Ned's hands began to tremble. "Me? Why would I do that? I loved her. We had our disagreements, like I said, but I loved her."

"You loved her, but you left marks, Mr. Peterson." Miller placed a series of crime scene photos on the table, each one a stark depiction of the violence inflicted on Claire. Bruises, contusions, lacerations. The blue pen pinpointing all of the pain. "These aren't the marks of someone who simply, hit a 'few bumps here and there’, Mr. Peterson."

Ned's face flushed, a crimson tide rising up his neck and waning in the form of beads of sweat raining down his forehead, "Sh-she was always falling. She was clumsy, ya know? Always tripping over her own feet. Even she’d tell ya that!"

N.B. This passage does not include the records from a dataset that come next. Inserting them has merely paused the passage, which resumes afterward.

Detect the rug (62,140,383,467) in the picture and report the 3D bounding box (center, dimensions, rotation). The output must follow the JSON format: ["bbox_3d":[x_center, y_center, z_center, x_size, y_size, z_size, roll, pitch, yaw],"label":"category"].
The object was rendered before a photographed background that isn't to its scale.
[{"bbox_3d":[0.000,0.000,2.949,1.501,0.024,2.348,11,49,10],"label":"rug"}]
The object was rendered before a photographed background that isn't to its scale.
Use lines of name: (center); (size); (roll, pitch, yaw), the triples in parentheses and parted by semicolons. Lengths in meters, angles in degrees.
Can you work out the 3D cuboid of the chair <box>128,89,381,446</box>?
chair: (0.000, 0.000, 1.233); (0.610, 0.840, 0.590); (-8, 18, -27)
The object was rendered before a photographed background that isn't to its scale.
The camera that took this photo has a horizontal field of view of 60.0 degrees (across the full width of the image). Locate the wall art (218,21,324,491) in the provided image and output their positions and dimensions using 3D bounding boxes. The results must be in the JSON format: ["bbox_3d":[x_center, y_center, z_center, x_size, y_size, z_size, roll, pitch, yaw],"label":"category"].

"She was also five foot two, Mr. Peterson. And those bruises are consistent with being gripped, hard. Very hard." The pen lid tapped on the closed manila folder. "The coroner's report indicates defensive wounds. As if she were trying to protect herself. You see, Mr. Peterson, I understand frustration. People make mistakes.” Detective Miller’s blue pen had returned to sit patiently above the paper. “I’m sure you didn’t mean to hurt her.”

Ned stared horrified at the pen, gesturing, as if pleading to it to be merciful, "I… I didn't mean to…"

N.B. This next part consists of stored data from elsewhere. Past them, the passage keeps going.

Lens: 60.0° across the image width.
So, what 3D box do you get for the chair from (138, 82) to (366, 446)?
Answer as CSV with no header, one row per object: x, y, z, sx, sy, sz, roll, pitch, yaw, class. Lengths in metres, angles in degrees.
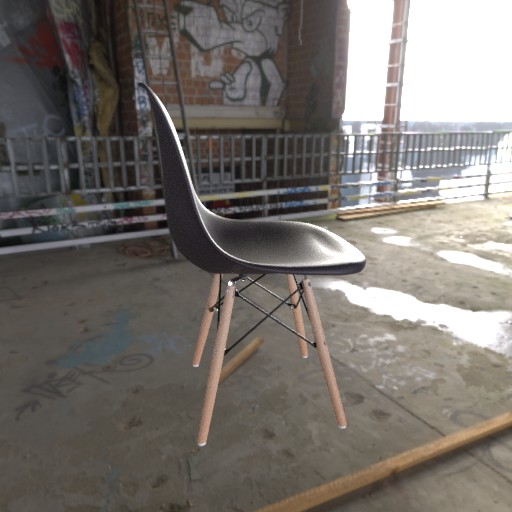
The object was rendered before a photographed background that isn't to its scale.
0.000,0.000,1.149,0.533,0.825,0.470,-3,17,-9,chair
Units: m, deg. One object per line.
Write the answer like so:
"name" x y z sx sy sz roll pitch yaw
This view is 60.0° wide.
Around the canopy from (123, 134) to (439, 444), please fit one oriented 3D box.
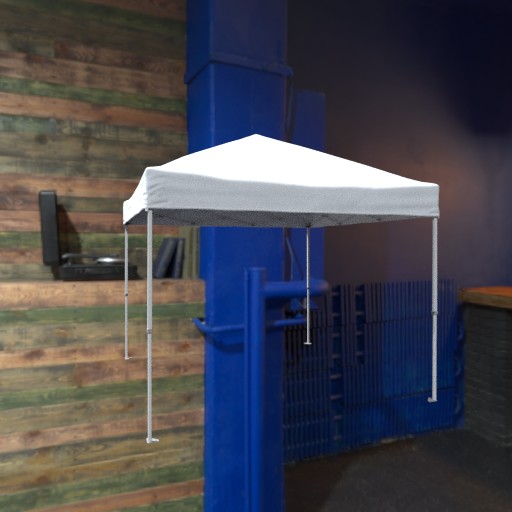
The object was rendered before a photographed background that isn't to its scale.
"canopy" 0.000 0.000 5.497 2.996 2.997 2.998 0 1 -20
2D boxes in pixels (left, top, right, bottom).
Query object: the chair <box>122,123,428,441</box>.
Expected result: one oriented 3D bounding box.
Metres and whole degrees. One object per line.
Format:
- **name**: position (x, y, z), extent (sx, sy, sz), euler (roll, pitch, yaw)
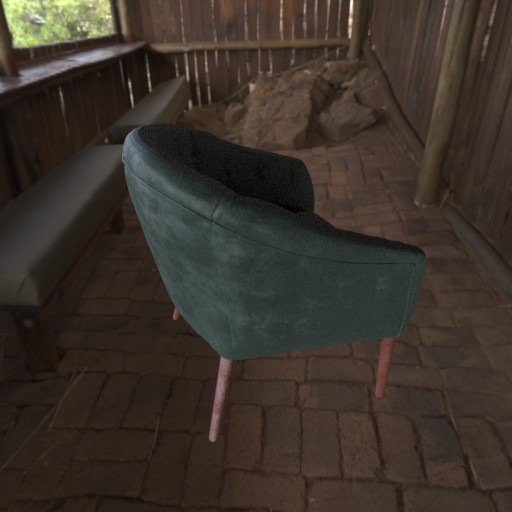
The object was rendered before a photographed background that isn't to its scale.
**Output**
- **chair**: position (0.000, 0.000, 1.514), extent (0.776, 0.885, 0.851), euler (-10, 32, -17)

The pen quickly scribbled something before pausing, "Didn't mean to…" 

Ned closed his eyes, his voice a broken whisper. "After everything I'd done for her. After everything I'd given her. Claire! She couldn't just…" his voice trailed off. 

Silver silence. The pen eagerly awaited its task. Ned opened his eyes which were immediately drawn to it, staring through it. Ned knew that the pen already knew.

He sighed, relief spreading across his face and body like a wash, "She was always saying things to get a reaction out of me. Like I’m some kinda monster, or something.” He pointed at the pen, now writing again, “She knew how I got when said she was leaving. She just wouldn't stop. I mean, she always came back. I apologized and she was supposed to come back.” 

He shook his head at the pen. The pen wouldn’t understand.  "She was all I had. I took care of her. She was mine. She just didn't get it. I just wanted her to stop. She wouldn't stop."

Detective Miller remained silent looking listlessly at Mr. Peterson, bringing the pen back up to his teeth.

Ned looked down at his hands, his voice flat and lifeless. "She said she was leaving me…for good this time."